[Dataset excerpts]

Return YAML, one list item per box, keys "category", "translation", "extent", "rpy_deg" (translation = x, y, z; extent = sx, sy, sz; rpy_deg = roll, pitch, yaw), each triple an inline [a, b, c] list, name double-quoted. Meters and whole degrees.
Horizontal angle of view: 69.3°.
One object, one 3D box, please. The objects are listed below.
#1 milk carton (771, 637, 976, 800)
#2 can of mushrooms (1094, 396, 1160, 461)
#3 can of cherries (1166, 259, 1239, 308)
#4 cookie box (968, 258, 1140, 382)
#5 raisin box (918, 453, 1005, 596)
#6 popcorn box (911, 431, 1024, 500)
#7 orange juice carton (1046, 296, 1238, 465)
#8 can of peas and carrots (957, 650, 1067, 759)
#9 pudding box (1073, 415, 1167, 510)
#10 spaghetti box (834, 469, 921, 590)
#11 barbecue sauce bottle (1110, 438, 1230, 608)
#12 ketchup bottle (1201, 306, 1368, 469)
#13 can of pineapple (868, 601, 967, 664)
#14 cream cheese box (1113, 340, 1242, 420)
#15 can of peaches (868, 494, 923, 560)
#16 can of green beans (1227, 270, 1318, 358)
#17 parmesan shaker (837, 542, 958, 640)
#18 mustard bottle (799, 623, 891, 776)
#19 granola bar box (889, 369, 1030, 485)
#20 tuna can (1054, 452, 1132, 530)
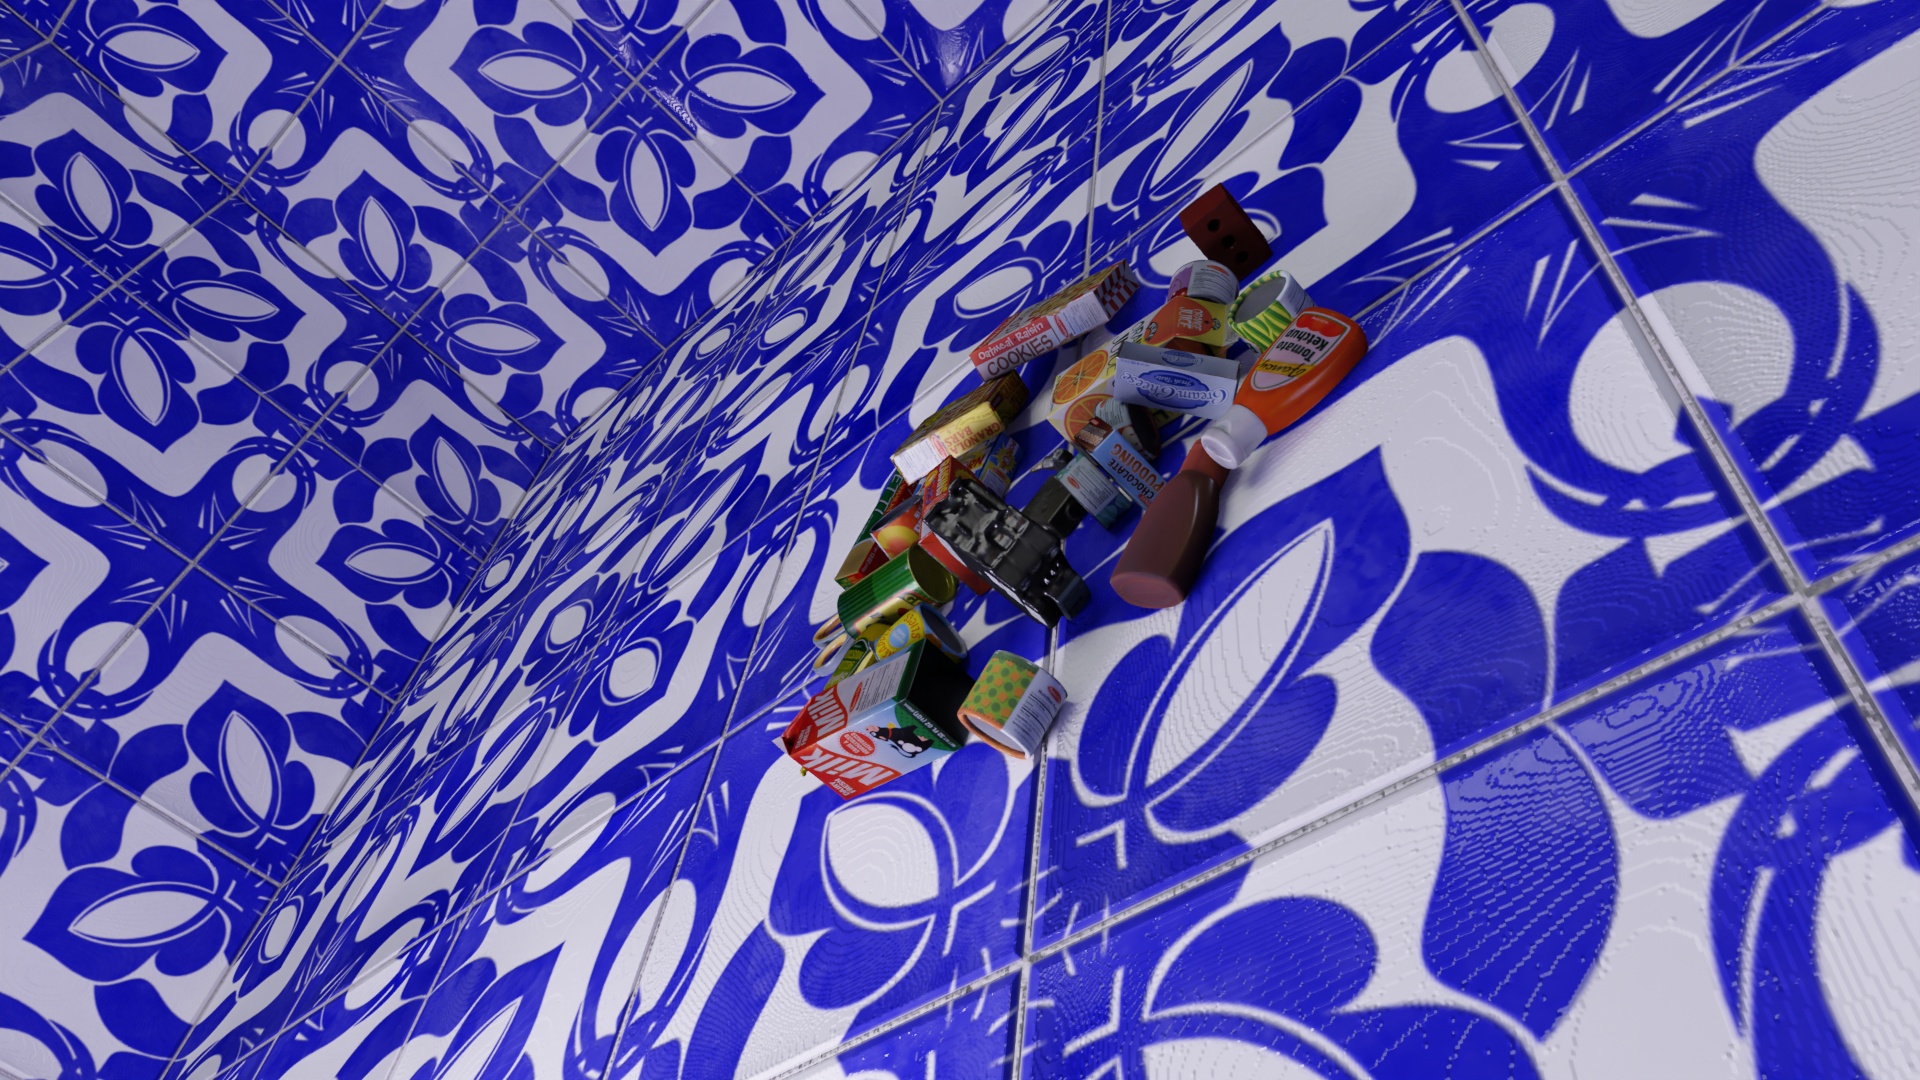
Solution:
- category: "milk carton"
  translation: [-0.080, 0.164, 1.208]
  extent: [0.190, 0.072, 0.074]
  rpy_deg: [-29, 28, 35]
- category: "can of mushrooms"
  translation: [0.150, -0.097, 1.235]
  extent: [0.033, 0.071, 0.071]
  rpy_deg: [-22, 32, 27]
- category: "can of cherries"
  translation: [0.226, -0.218, 1.304]
  extent: [0.071, 0.071, 0.059]
  rpy_deg: [-30, 29, 36]
- category: "cookie box"
  translation: [0.104, -0.241, 1.527]
  extent: [0.167, 0.040, 0.123]
  rpy_deg: [-23, 16, 32]
- category: "raisin box"
  translation: [0.005, -0.017, 1.335]
  extent: [0.040, 0.086, 0.124]
  rpy_deg: [-39, 24, 24]
- category: "popcorn box"
  translation: [0.002, -0.058, 1.472]
  extent: [0.126, 0.038, 0.085]
  rpy_deg: [-22, 34, 46]
- category: "orange juice carton"
  translation: [0.176, -0.154, 1.274]
  extent: [0.192, 0.073, 0.072]
  rpy_deg: [-31, 27, 33]
- category: "can of peas and carrots"
  translation: [0.038, 0.126, 1.066]
  extent: [0.059, 0.071, 0.071]
  rpy_deg: [-57, 24, -20]
- category: "pudding box"
  translation: [0.139, -0.064, 1.177]
  extent: [0.030, 0.083, 0.050]
  rpy_deg: [-45, 22, 4]
- category: "spaghetti box"
  translation: [-0.068, -0.046, 1.588]
  extent: [0.050, 0.028, 0.251]
  rpy_deg: [-18, 36, 49]
- category: "barbecue sauce bottle"
  translation: [0.173, -0.016, 1.090]
  extent: [0.065, 0.043, 0.149]
  rpy_deg: [-5, 46, 46]
- category: "ketchup bottle"
  translation: [0.251, -0.119, 1.094]
  extent: [0.149, 0.043, 0.065]
  rpy_deg: [-45, 43, -12]
- category: "can of pineapple"
  translation: [-0.037, 0.097, 1.245]
  extent: [0.057, 0.071, 0.071]
  rpy_deg: [-42, 23, 13]
- category: "cream cheese box"
  translation: [0.184, -0.135, 1.182]
  extent: [0.104, 0.053, 0.024]
  rpy_deg: [12, 52, 12]
- category: "can of peaches"
  translation: [-0.050, -0.007, 1.435]
  extent: [0.071, 0.058, 0.071]
  rpy_deg: [-35, 11, 7]
- category: "can of green beans"
  translation: [0.270, -0.187, 1.180]
  extent: [0.071, 0.057, 0.071]
  rpy_deg: [-39, 24, 21]
- category: "parmesan shaker"
  translation: [-0.062, 0.056, 1.365]
  extent: [0.102, 0.071, 0.072]
  rpy_deg: [-34, 26, 30]
- category: "mustard bottle"
  translation: [-0.105, 0.152, 1.302]
  extent: [0.161, 0.048, 0.065]
  rpy_deg: [-56, 22, -21]
- category: "granola bar box"
  translation: [0.002, -0.126, 1.499]
  extent: [0.124, 0.039, 0.166]
  rpy_deg: [-28, 11, 19]
- category: "tuna can"
  translation: [0.116, -0.043, 1.210]
  extent: [0.033, 0.071, 0.071]
  rpy_deg: [-45, 22, 5]

** Activity **
Without the pictures, return all the records precisely as they stand.

** Response box **
Return YAML, one list item per box, keys "category", "translation", "extent", "rpy_deg" (translation = x, y, z; extent = sx, sy, sz; rpy_deg = roll, pitch, yaw), each triple an inline [a, b, c] list, name double-quoted. Meters and whole degrees.
Horizontal angle of view: 69.3°.
One object, one 3D box, please. The objects are listed below.
#1 milk carton (771, 637, 976, 800)
#2 can of mushrooms (1094, 396, 1160, 461)
#3 can of cherries (1166, 259, 1239, 308)
#4 cookie box (968, 258, 1140, 382)
#5 raisin box (918, 453, 1005, 596)
#6 popcorn box (911, 431, 1024, 500)
#7 orange juice carton (1046, 296, 1238, 465)
#8 can of peas and carrots (957, 650, 1067, 759)
#9 pudding box (1073, 415, 1167, 510)
#10 spaghetti box (834, 469, 921, 590)
#11 barbecue sauce bottle (1110, 438, 1230, 608)
#12 ketchup bottle (1201, 306, 1368, 469)
#13 can of pineapple (868, 601, 967, 664)
#14 cream cheese box (1113, 340, 1242, 420)
#15 can of peaches (868, 494, 923, 560)
#16 can of green beans (1227, 270, 1318, 358)
#17 parmesan shaker (837, 542, 958, 640)
#18 mustard bottle (799, 623, 891, 776)
#19 granola bar box (889, 369, 1030, 485)
#20 tuna can (1054, 452, 1132, 530)
Solution:
- category: "milk carton"
  translation: [-0.080, 0.164, 1.208]
  extent: [0.190, 0.072, 0.074]
  rpy_deg: [-29, 28, 35]
- category: "can of mushrooms"
  translation: [0.150, -0.097, 1.235]
  extent: [0.033, 0.071, 0.071]
  rpy_deg: [-22, 32, 27]
- category: "can of cherries"
  translation: [0.226, -0.218, 1.304]
  extent: [0.071, 0.071, 0.059]
  rpy_deg: [-30, 29, 36]
- category: "cookie box"
  translation: [0.104, -0.241, 1.527]
  extent: [0.167, 0.040, 0.123]
  rpy_deg: [-23, 16, 32]
- category: "raisin box"
  translation: [0.005, -0.017, 1.335]
  extent: [0.040, 0.086, 0.124]
  rpy_deg: [-39, 24, 24]
- category: "popcorn box"
  translation: [0.002, -0.058, 1.472]
  extent: [0.126, 0.038, 0.085]
  rpy_deg: [-22, 34, 46]
- category: "orange juice carton"
  translation: [0.176, -0.154, 1.274]
  extent: [0.192, 0.073, 0.072]
  rpy_deg: [-31, 27, 33]
- category: "can of peas and carrots"
  translation: [0.038, 0.126, 1.066]
  extent: [0.059, 0.071, 0.071]
  rpy_deg: [-57, 24, -20]
- category: "pudding box"
  translation: [0.139, -0.064, 1.177]
  extent: [0.030, 0.083, 0.050]
  rpy_deg: [-45, 22, 4]
- category: "spaghetti box"
  translation: [-0.068, -0.046, 1.588]
  extent: [0.050, 0.028, 0.251]
  rpy_deg: [-18, 36, 49]
- category: "barbecue sauce bottle"
  translation: [0.173, -0.016, 1.090]
  extent: [0.065, 0.043, 0.149]
  rpy_deg: [-5, 46, 46]
- category: "ketchup bottle"
  translation: [0.251, -0.119, 1.094]
  extent: [0.149, 0.043, 0.065]
  rpy_deg: [-45, 43, -12]
- category: "can of pineapple"
  translation: [-0.037, 0.097, 1.245]
  extent: [0.057, 0.071, 0.071]
  rpy_deg: [-42, 23, 13]
- category: "cream cheese box"
  translation: [0.184, -0.135, 1.182]
  extent: [0.104, 0.053, 0.024]
  rpy_deg: [12, 52, 12]
- category: "can of peaches"
  translation: [-0.050, -0.007, 1.435]
  extent: [0.071, 0.058, 0.071]
  rpy_deg: [-35, 11, 7]
- category: "can of green beans"
  translation: [0.270, -0.187, 1.180]
  extent: [0.071, 0.057, 0.071]
  rpy_deg: [-39, 24, 21]
- category: "parmesan shaker"
  translation: [-0.062, 0.056, 1.365]
  extent: [0.102, 0.071, 0.072]
  rpy_deg: [-34, 26, 30]
- category: "mustard bottle"
  translation: [-0.105, 0.152, 1.302]
  extent: [0.161, 0.048, 0.065]
  rpy_deg: [-56, 22, -21]
- category: "granola bar box"
  translation: [0.002, -0.126, 1.499]
  extent: [0.124, 0.039, 0.166]
  rpy_deg: [-28, 11, 19]
- category: "tuna can"
  translation: [0.116, -0.043, 1.210]
  extent: [0.033, 0.071, 0.071]
  rpy_deg: [-45, 22, 5]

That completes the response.